EXERCISE: Once the line containing "42. pallet (1486,319,1588,360)" is found in the records below, return it and each following line exactly, up to and including the line containing "59. cardboard box (1305,18,1318,53)", and nothing else.

[Opening DATA TO EXAMINE section]

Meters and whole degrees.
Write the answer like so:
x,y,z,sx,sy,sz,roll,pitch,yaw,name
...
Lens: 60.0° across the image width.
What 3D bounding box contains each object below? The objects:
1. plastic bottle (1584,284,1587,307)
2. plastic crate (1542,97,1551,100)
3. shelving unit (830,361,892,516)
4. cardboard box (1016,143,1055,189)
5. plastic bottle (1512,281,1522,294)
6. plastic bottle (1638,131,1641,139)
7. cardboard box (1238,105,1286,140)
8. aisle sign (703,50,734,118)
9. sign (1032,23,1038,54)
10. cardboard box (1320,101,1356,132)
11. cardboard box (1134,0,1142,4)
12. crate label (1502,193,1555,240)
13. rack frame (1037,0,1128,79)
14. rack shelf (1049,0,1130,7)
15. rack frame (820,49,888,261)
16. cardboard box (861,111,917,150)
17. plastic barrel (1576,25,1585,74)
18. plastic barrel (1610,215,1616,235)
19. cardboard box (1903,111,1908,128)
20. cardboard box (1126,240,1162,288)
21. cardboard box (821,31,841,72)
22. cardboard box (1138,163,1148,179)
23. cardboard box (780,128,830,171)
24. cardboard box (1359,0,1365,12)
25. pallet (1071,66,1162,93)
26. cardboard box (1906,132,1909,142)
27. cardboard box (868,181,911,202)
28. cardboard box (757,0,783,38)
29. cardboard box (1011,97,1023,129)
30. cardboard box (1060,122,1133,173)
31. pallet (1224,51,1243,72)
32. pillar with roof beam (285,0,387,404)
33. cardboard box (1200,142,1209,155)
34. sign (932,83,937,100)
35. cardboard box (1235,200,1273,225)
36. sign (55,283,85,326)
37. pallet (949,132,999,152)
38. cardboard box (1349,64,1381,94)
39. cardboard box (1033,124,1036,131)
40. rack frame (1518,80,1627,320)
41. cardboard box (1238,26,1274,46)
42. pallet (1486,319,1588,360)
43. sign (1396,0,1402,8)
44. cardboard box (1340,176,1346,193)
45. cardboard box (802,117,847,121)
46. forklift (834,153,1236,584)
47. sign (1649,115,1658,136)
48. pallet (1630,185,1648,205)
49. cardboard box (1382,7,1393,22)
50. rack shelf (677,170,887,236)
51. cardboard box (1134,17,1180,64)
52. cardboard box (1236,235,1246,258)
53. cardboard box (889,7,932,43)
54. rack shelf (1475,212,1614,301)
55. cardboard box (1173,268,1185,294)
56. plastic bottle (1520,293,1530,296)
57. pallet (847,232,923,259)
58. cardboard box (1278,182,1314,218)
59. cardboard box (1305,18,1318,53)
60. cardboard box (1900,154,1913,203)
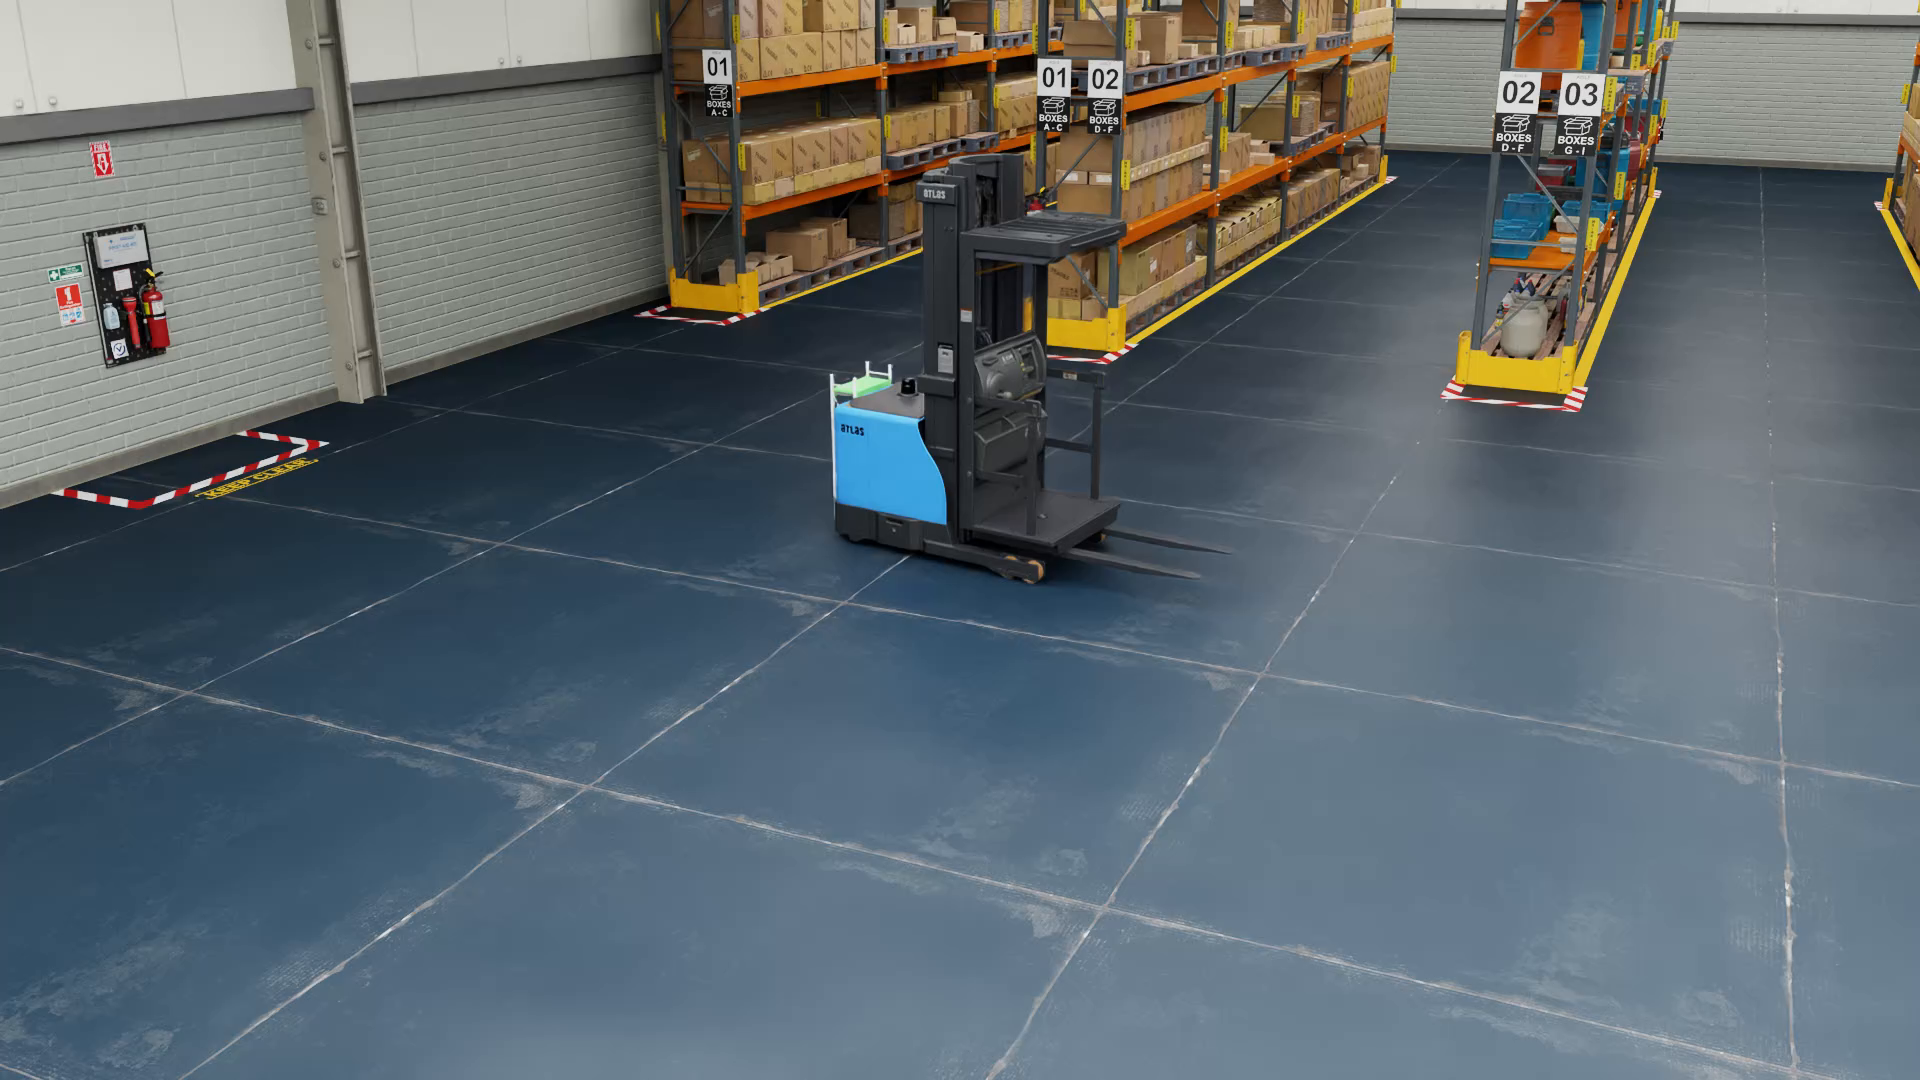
x,y,z,sx,sy,sz,roll,pitch,yaw,name
7.598,-2.977,20.260,0.061,0.283,0.133,10,22,25,plastic bottle
6.363,-5.049,18.237,0.392,0.384,0.575,9,21,23,plastic crate
-0.782,-0.789,13.396,0.258,1.200,0.503,12,23,30,shelving unit
1.223,-6.743,30.034,0.750,0.750,0.750,9,22,24,cardboard box
6.708,-2.953,20.094,0.144,0.351,0.185,8,21,20,plastic bottle
10.904,-6.464,26.853,0.152,0.276,0.135,9,21,23,plastic bottle
4.770,-6.598,26.270,0.700,0.500,0.500,2,20,4,cardboard box
-2.938,-5.540,20.190,0.394,0.787,0.004,9,21,23,aisle sign
0.850,-5.572,18.479,0.100,0.325,0.005,9,21,23,sign
6.710,-7.534,29.527,0.500,0.500,0.500,9,22,24,cardboard box
3.319,-10.949,33.132,0.500,0.500,0.500,8,21,23,cardboard box
6.363,-3.635,18.662,0.502,0.435,0.616,9,21,23,crate label
1.339,-6.526,17.890,1.000,3.000,0.127,9,21,23,rack frame
2.158,-6.610,19.797,1.077,0.370,4.000,9,21,23,rack shelf
-1.544,-5.601,24.242,1.000,3.000,0.127,9,21,23,rack frame
-1.069,-6.176,25.053,0.700,0.500,0.500,11,22,28,cardboard box
6.207,-5.085,17.406,0.600,0.588,0.600,0,20,0,plastic barrel
9.780,-5.023,25.589,0.600,0.588,0.708,9,21,23,plastic barrel
16.484,-7.190,28.490,0.500,0.250,0.500,8,21,21,cardboard box
2.158,-3.397,20.401,0.500,0.500,0.500,9,21,23,cardboard box
-1.936,-6.555,22.269,0.500,0.500,0.500,8,21,21,cardboard box
2.011,-4.377,19.682,0.380,0.149,0.250,8,21,22,cardboard box
-2.083,-5.241,22.305,0.500,0.500,0.500,9,22,24,cardboard box
6.751,-9.587,29.331,0.700,0.500,0.500,9,21,23,cardboard box
1.652,-5.284,19.006,1.003,0.211,1.213,9,21,23,pallet
16.062,-6.735,27.804,0.380,0.149,0.250,8,21,22,cardboard box
-1.080,-5.346,25.480,0.500,0.250,0.500,8,21,22,cardboard box
-2.551,-6.550,20.762,0.500,0.500,0.500,8,21,22,cardboard box
0.750,-7.293,28.376,0.500,0.500,0.500,9,22,24,cardboard box
1.564,-4.515,19.103,0.700,0.500,0.500,9,21,23,cardboard box
3.326,-6.517,22.626,0.805,0.209,1.217,8,21,21,pallet
-2.214,-5.113,13.915,9.100,9.000,0.400,9,21,23,pillar with roof beam
3.061,-5.163,21.892,0.380,0.149,0.250,9,21,23,cardboard box
-0.414,-7.445,27.698,0.100,0.325,0.005,9,21,23,sign
4.418,-4.958,25.074,0.500,0.311,0.500,8,21,22,cardboard box
-7.509,-1.989,14.031,0.001,0.329,0.234,9,21,23,sign
-0.100,-6.501,27.059,1.213,0.211,1.003,9,21,23,pallet
7.545,-8.622,31.094,0.500,0.500,0.500,9,22,24,cardboard box
1.172,-7.334,29.458,0.380,0.149,0.250,9,22,24,cardboard box
7.494,-4.242,20.420,1.000,3.000,0.127,9,21,23,rack frame
4.282,-7.377,24.355,0.500,0.250,0.500,9,22,24,cardboard box
6.683,-2.354,19.273,1.003,0.211,1.213,9,21,23,pallet
8.389,-10.339,31.766,0.100,0.325,0.005,9,21,23,sign
6.622,-6.407,29.865,0.500,0.311,0.500,9,21,23,cardboard box
-1.927,-5.778,23.815,0.500,0.500,0.500,8,21,21,cardboard box
0.549,-1.266,12.155,3.031,2.935,1.130,12,23,30,forklift
11.272,-6.742,27.036,0.100,0.325,0.005,9,21,23,sign
12.035,-6.350,30.508,1.003,0.211,1.213,9,21,23,pallet
7.913,-9.977,31.548,0.500,0.250,0.500,9,21,23,cardboard box
-2.363,-4.651,22.643,1.077,0.370,4.000,9,21,23,rack shelf
2.268,-5.894,19.604,0.500,0.500,0.500,9,21,23,cardboard box
3.788,-4.229,23.861,0.500,0.250,0.500,8,21,21,cardboard box
-0.742,-7.793,25.151,0.500,0.500,0.500,8,21,21,cardboard box
6.675,-3.291,18.821,1.077,0.370,4.000,9,21,23,rack shelf
2.581,-3.347,21.380,0.500,0.250,0.500,9,21,23,cardboard box
6.679,-2.776,19.705,0.152,0.276,0.135,9,21,23,plastic bottle
-1.226,-4.526,25.379,1.003,0.211,1.213,9,21,23,pallet
5.481,-5.588,27.280,0.500,0.500,0.500,8,21,22,cardboard box
5.185,-8.059,26.526,0.910,0.500,0.500,9,21,23,cardboard box
16.738,-6.221,28.528,0.875,0.875,0.875,9,21,23,cardboard box

[Closing DATA TO EXAMINE section]

RESULT OF THE TASK:
42. pallet (1486,319,1588,360)
43. sign (1396,0,1402,8)
44. cardboard box (1340,176,1346,193)
45. cardboard box (802,117,847,121)
46. forklift (834,153,1236,584)
47. sign (1649,115,1658,136)
48. pallet (1630,185,1648,205)
49. cardboard box (1382,7,1393,22)
50. rack shelf (677,170,887,236)
51. cardboard box (1134,17,1180,64)
52. cardboard box (1236,235,1246,258)
53. cardboard box (889,7,932,43)
54. rack shelf (1475,212,1614,301)
55. cardboard box (1173,268,1185,294)
56. plastic bottle (1520,293,1530,296)
57. pallet (847,232,923,259)
58. cardboard box (1278,182,1314,218)
59. cardboard box (1305,18,1318,53)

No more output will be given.